Charles Mudede - The Stranger
“In many of the 12 tracks I've heard, Ripynt trains his high-powered microscope on his underdog status, revealing a ragged topography of wounds both superficial and bone-deep. One might think that, given his view of his hometown, those aches and pains would be Everett-centric, but that'd be wrong. Ripynt projects himself across far more interesting terrain.”
Kevin Capp - The Seattle Weekly
“With an uncanny ability to write deeply personal songs in one instant and reply with a grimy, agile delivery the next, Ripynt is proving that the geographical gap between his hometown and the Seattle scene is less of an issue than originally feared.”
Nick Feldman - The Seattle Weekly
“Ripynt is an impressive emcee and it's not hard to hear his natural skill and what got him his name. But beyond the raw energy and flow that he posses he has some demons to get out and he shows no shame in expressing his ups and downs. This kind of honesty is something rap used to be lauded for.”
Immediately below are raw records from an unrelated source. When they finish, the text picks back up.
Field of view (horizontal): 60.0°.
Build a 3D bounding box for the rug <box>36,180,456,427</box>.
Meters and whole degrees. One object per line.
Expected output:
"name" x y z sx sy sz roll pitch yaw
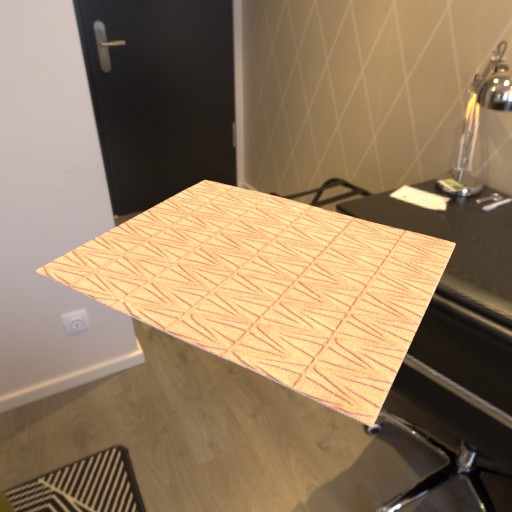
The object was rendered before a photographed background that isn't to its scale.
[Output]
"rug" 0.000 0.000 4.074 3.052 0.043 2.453 18 36 26
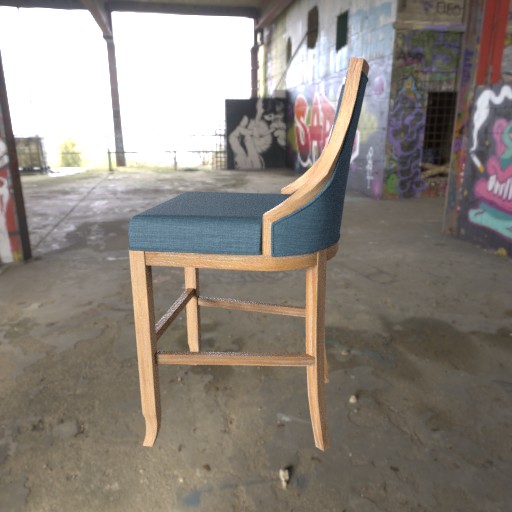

Will Johnson - TheMusikLounge.blogspot.com
“Meet Ripynt. A dope Seattle spitter who linked up with Strange Music’s Krizz Kaliko... Yes, homie spazzed on every verse here.”
Sermon - SermonsDomain.com
“Another solid emcee outta the North West, Ripynt raps about some real life stuff that we can all relate to. Things like going out but havin’ to work at 7am next morning, cruisin’ in the summer time, relaxin’ and makin’ money.”
Jkrav - ButteryBeats.com
“While his style may not be, Ripynt actually sounds confident, relaxed, and natural on “The Hurt Locker” as every song has him at his best thus far.”
Unknown - ThaNorthwest.com
“In the mood for something dark, abrasive, and a little bit Shifty? Your wish is Ripynt‘s command. On the Washingtonian emcee’s latest single and first Booth feature, Aether‘s pummeling electronic grooves set the mood as the headliner shows off his aggressive flows. Craving more? You’ll find what you seek on Ripynt’s latest mixtape, The Hurt Locker...”
Richard - DJBooth.com
“Ripynt embodies everything that is right about hip hop. He practices his craft not only with precision and skill but with heart and feeling. He is able to deliver rhymes that will shatter the competition but also embraces the opportunity to move the hearts and minds of his listeners. On Second Thought Vol. 1 does in seven tracks what 22-Track mixtapes often fail to do, none of which more important than impress.”